Your assignment: Write out, please, each line from the one containing "Task: oriented 3D box estimation" to the final line of the data, both included, exactly and without pictures.
=== Begin Enclosure ===
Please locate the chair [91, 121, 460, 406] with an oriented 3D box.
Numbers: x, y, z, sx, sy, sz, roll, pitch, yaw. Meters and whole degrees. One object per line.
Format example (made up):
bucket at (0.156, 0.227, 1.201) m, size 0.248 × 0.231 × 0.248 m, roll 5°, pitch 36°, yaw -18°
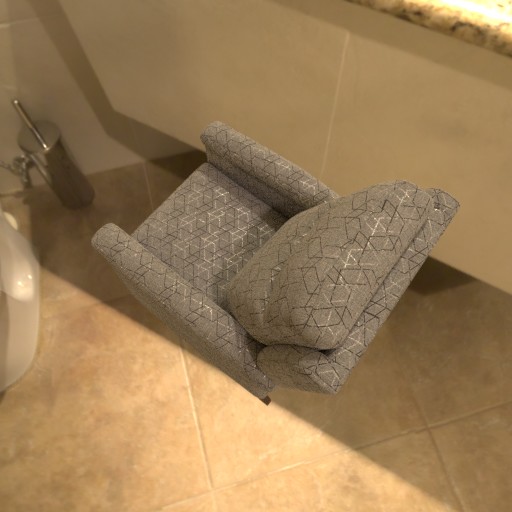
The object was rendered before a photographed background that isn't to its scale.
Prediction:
chair at (0.000, 0.000, 1.674) m, size 0.987 × 1.048 × 0.753 m, roll 35°, pitch 69°, yaw 15°
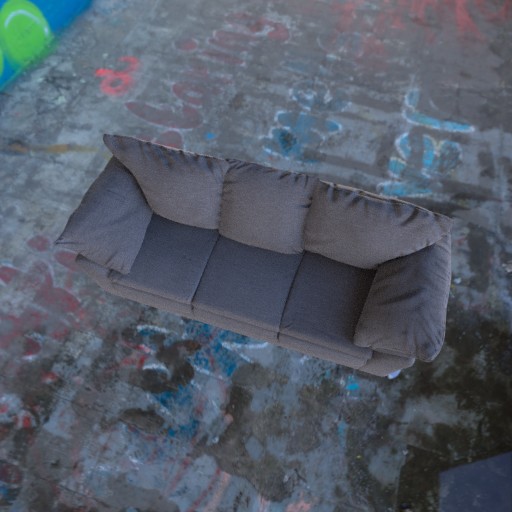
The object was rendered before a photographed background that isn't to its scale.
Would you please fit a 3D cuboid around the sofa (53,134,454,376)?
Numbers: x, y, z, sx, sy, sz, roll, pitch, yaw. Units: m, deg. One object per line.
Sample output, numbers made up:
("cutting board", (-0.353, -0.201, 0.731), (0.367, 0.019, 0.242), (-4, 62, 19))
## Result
("sofa", (0.000, 0.000, 2.938), (2.390, 1.043, 0.927), (15, 60, 9))
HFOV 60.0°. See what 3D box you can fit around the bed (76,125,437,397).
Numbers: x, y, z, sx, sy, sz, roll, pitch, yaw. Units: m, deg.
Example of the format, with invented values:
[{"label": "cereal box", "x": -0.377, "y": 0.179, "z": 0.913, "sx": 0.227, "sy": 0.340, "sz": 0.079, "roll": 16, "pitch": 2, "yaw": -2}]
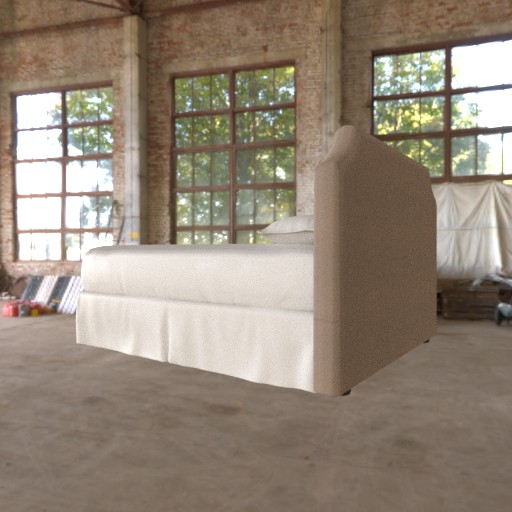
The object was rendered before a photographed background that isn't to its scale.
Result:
[{"label": "bed", "x": 0.000, "y": 0.000, "z": 3.307, "sx": 2.164, "sy": 1.303, "sz": 1.828, "roll": 1, "pitch": 1, "yaw": 35}]
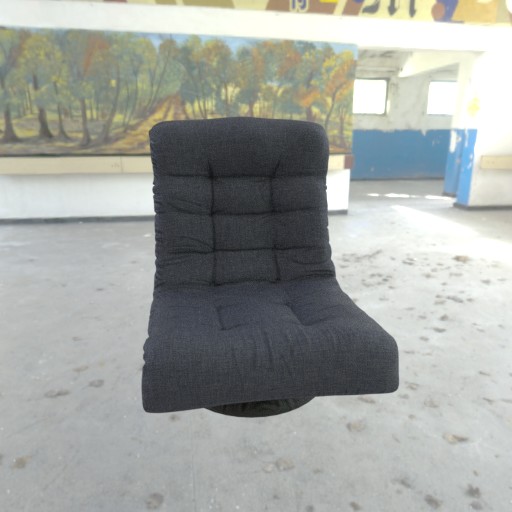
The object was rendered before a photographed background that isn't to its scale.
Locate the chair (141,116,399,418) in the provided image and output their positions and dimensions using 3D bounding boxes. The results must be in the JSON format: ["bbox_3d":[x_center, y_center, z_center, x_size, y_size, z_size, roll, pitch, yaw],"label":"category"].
[{"bbox_3d":[0.000,0.000,1.223,0.597,0.749,0.668,-3,16,-9],"label":"chair"}]
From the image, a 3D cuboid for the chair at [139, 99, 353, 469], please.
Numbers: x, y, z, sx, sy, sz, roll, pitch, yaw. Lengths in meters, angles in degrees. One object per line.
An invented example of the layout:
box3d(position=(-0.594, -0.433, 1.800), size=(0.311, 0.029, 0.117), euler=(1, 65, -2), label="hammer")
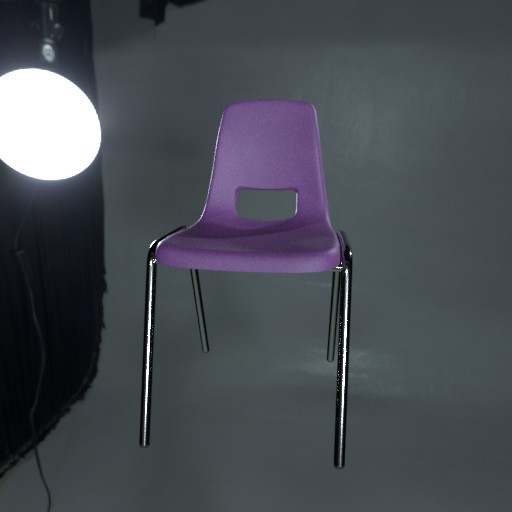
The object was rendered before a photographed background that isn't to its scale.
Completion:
box3d(position=(0.000, 0.000, 0.924), size=(0.381, 0.654, 0.432), euler=(2, 15, 9), label="chair")
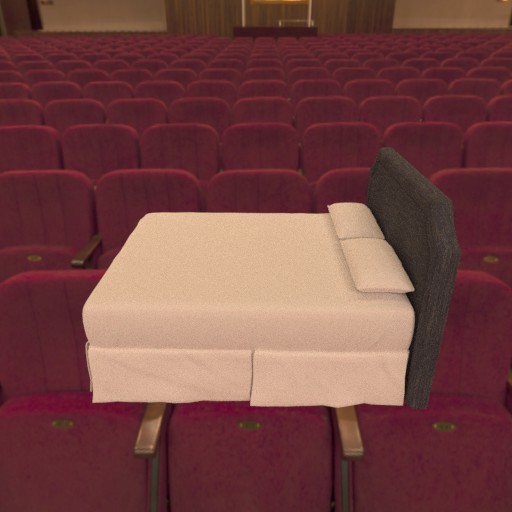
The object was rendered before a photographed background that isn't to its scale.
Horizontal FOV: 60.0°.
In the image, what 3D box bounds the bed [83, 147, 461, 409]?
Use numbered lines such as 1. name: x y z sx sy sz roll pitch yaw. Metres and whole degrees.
1. bed: 0.000 0.000 3.179 2.116 1.290 1.693 1 26 1
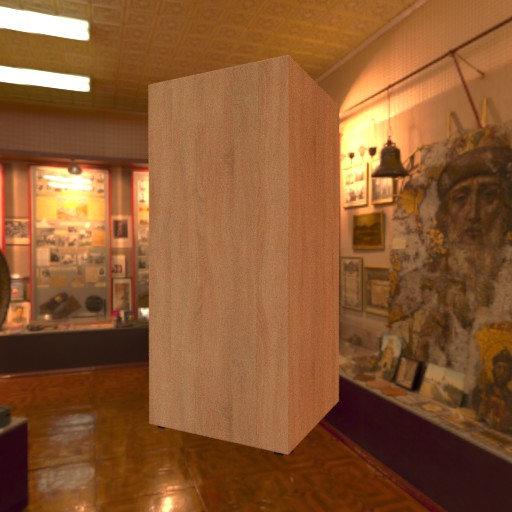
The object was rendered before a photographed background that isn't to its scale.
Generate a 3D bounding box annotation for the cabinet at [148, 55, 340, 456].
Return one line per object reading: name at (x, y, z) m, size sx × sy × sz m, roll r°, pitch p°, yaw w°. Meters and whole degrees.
cabinet at (0.000, 0.000, 2.854) m, size 1.327 × 2.120 × 1.094 m, roll 0°, pitch 1°, yaw -18°
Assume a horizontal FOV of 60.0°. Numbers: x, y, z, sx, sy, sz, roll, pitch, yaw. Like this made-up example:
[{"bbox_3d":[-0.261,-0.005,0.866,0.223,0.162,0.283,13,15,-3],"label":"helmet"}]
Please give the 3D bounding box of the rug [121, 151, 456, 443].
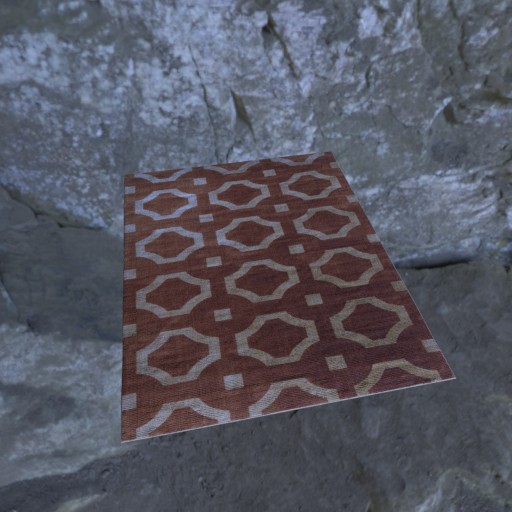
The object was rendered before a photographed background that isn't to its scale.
[{"bbox_3d":[0.000,0.000,4.182,2.466,0.021,3.049,-8,47,-8],"label":"rug"}]
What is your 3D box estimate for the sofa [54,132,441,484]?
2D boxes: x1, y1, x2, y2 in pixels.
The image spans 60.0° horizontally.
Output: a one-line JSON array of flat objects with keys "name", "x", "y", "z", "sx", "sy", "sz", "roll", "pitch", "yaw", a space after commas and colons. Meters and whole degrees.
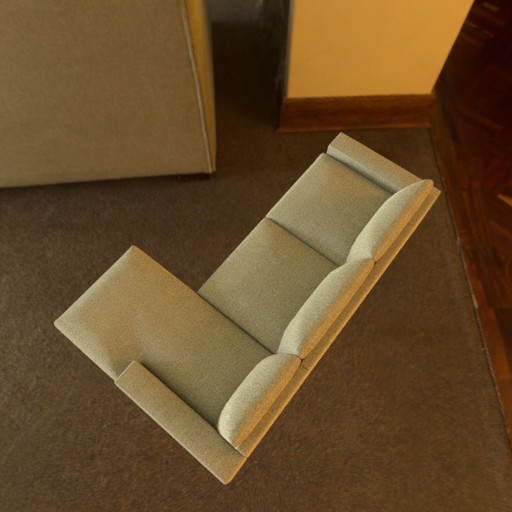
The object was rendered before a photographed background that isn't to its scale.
[{"name": "sofa", "x": 0.000, "y": 0.000, "z": 3.459, "sx": 1.689, "sy": 0.813, "sz": 2.718, "roll": 36, "pitch": 70, "yaw": 15}]
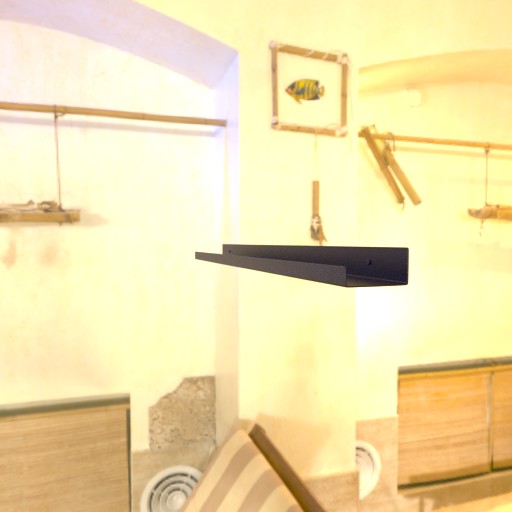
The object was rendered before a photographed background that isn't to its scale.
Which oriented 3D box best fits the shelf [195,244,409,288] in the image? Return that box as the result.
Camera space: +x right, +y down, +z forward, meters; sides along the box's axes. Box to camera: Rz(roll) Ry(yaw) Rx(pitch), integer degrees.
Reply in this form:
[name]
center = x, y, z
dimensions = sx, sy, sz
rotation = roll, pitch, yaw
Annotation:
[shelf]
center = 0.000, 0.000, 0.983
dimensions = 0.092, 0.049, 0.924
rotation = -1, 2, -19
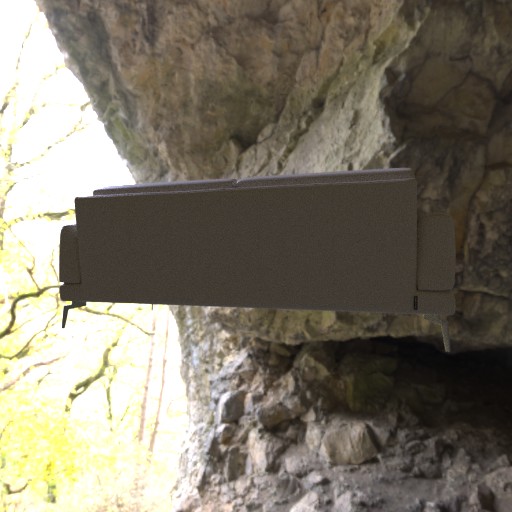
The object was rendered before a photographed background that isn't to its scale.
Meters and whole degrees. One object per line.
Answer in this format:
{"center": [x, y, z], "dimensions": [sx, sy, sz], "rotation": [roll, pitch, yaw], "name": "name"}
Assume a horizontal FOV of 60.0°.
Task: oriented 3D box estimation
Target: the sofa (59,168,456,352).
{"center": [0.000, 0.000, 2.429], "dimensions": [1.940, 0.765, 0.974], "rotation": [0, -1, 18], "name": "sofa"}
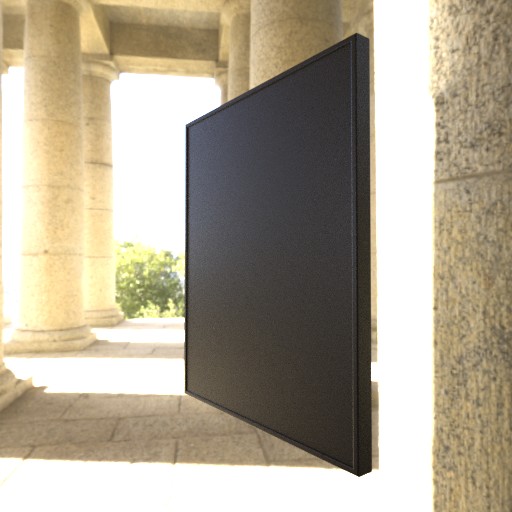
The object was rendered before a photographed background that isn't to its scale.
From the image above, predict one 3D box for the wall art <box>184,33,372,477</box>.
[{"bbox_3d":[0.000,0.000,0.736,0.028,0.551,0.451,1,-2,-37],"label":"wall art"}]
=== End Enclosure ===
Result of this task:
Task: oriented 3D box estimation
Target: the sofa (59,168,456,352).
{"center": [0.000, 0.000, 2.429], "dimensions": [1.940, 0.765, 0.974], "rotation": [0, -1, 18], "name": "sofa"}
The object was rendered before a photographed background that isn't to its scale.
From the image above, predict one 3D box for the wall art <box>184,33,372,477</box>.
[{"bbox_3d":[0.000,0.000,0.736,0.028,0.551,0.451,1,-2,-37],"label":"wall art"}]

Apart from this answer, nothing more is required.